What happened...I thought the last set of pics had a small buck in em.....??? Snow on the ground would mean they haven't shed yet??? Got 3 maybe??? http://pensacolafishingforum.com/fishingforum/Topic230424-42-1.aspx?Highlight=albino ????


----------



## Captain Woody Woods (Oct 2, 2007)

wow those look like devil deer


----------



## ScullsMcNasty (Oct 4, 2007)

Thats Awesome!! thanks for posting and joining our forum!!! welcome!!


----------



## Bluejay (Oct 4, 2007)

thanks for sharing...............

kstp.com - Albino Deer


----------



## 7mmbrowningman (Oct 19, 2008)

That has got to be one of the coolest things - to have such beautiful animals as daily visitors! I too thank you for sharing... I will be sharing this with my sonas well asfamily and friends! I will be looking forward to more updates for sure!


----------



## Collard (Oct 23, 2007)

I wonder why their eyes aren't pink.


----------



## buckshoot (Oct 1, 2008)

so these deer were not from michigan?


----------



## 69Viking (Oct 30, 2008)

Minnesnowta! LOL! I'm a Minnesnowta native andhaven't seen Minnesota spelled that way in some time! Those are some great looking albinos you have there. I agree with you, it would be tough to shoot your backyard pets. You should always be prepared though, somebody one day might get them when they're out in the woods.

Go Vikings!


----------



## gmlee (Sep 6, 2008)

Cool pics. Sometimes pics are better than a kill, and this is one.


----------



## P-cola_Native (Feb 5, 2008)

> *Jason (12/10/2008)*What happened...I thought the last set of pics had a small buck in em.....??? Snow on the ground would mean they haven't shed yet??? Got 3 maybe??? http://pensacolafishingforum.com/fishingforum/Topic230424-42-1.aspx?Highlight=albino ????

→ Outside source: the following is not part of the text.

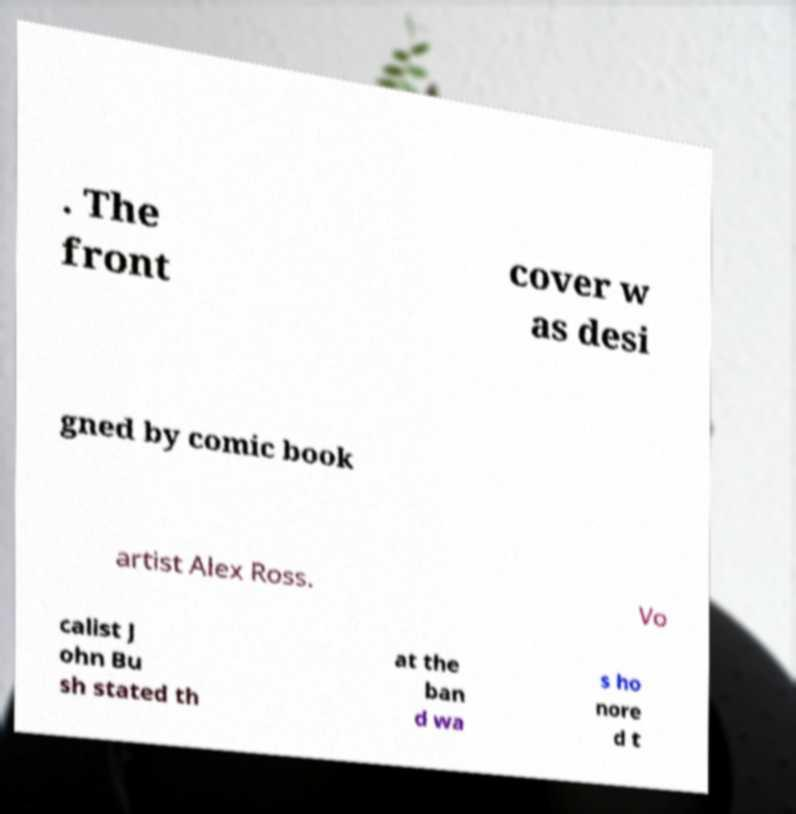Can you accurately transcribe the text from the provided image for me? . The front cover w as desi gned by comic book artist Alex Ross. Vo calist J ohn Bu sh stated th at the ban d wa s ho nore d t

He asid these pics are from 2006 when they were fawns. I think the pics in the first thread with thelittle rack are from this year.


----------



## albinodeerguy (Dec 11, 2008)

Yes I'm from Minnesota and not Michigan.



The photo of the twins, when the buck has his antlers, was taken Jan. 8, 2008.



The photo of the twins, when the buck has no antlers, was taken March 3, 2008.



I have photos of other albino deer and their eyes look blue. A good way to tell if a deer is an albino, is to look at their feet. It's a dead give away. Their hooves are always pink.



A lot of people around here want the albinos protected. I think hunters have enough restrictions placed upon them and don't need any more. I'll never shoot the twins that come to my backyard just because I think they're so cool to watch. But if my neighbor ends up taking them, I'll be the first one there to congratulate him and help gut them out. 

Sorry, but I'm still a deer hunter at heart.



I hope I answered any questions you may have and thanks again for your interest.



Tim


----------



## ScullsMcNasty (Oct 4, 2007)

if they were "my" pet deer that i fed everyday and my neighbor shot em, i dont know if id be congratulating and gutting... i dont think id be mad but id def be heartbroken.. thanks again for the pics and the story


----------



## 69Viking (Oct 30, 2008)

That picture titled "morning snow" is an awesome picture. You should send that in to some of the outdoor and deer magazines, I bet you get it published and maybe even win an award or two. Check with Deer and Deer Hunting Magazine, they take a lot of subscriber inputs. Again great pictures, you're lucky to have that kind of backyard!


----------



## albinodeerguy (Dec 11, 2008)

Even though they don't run away, they're still wild and I don't think I should consider them pets. Living in a state that allows the harvest of albino whitetails, I would be setting myself up for a big let down when they do get shot. But your right, I would be very disappointed in my neighbor.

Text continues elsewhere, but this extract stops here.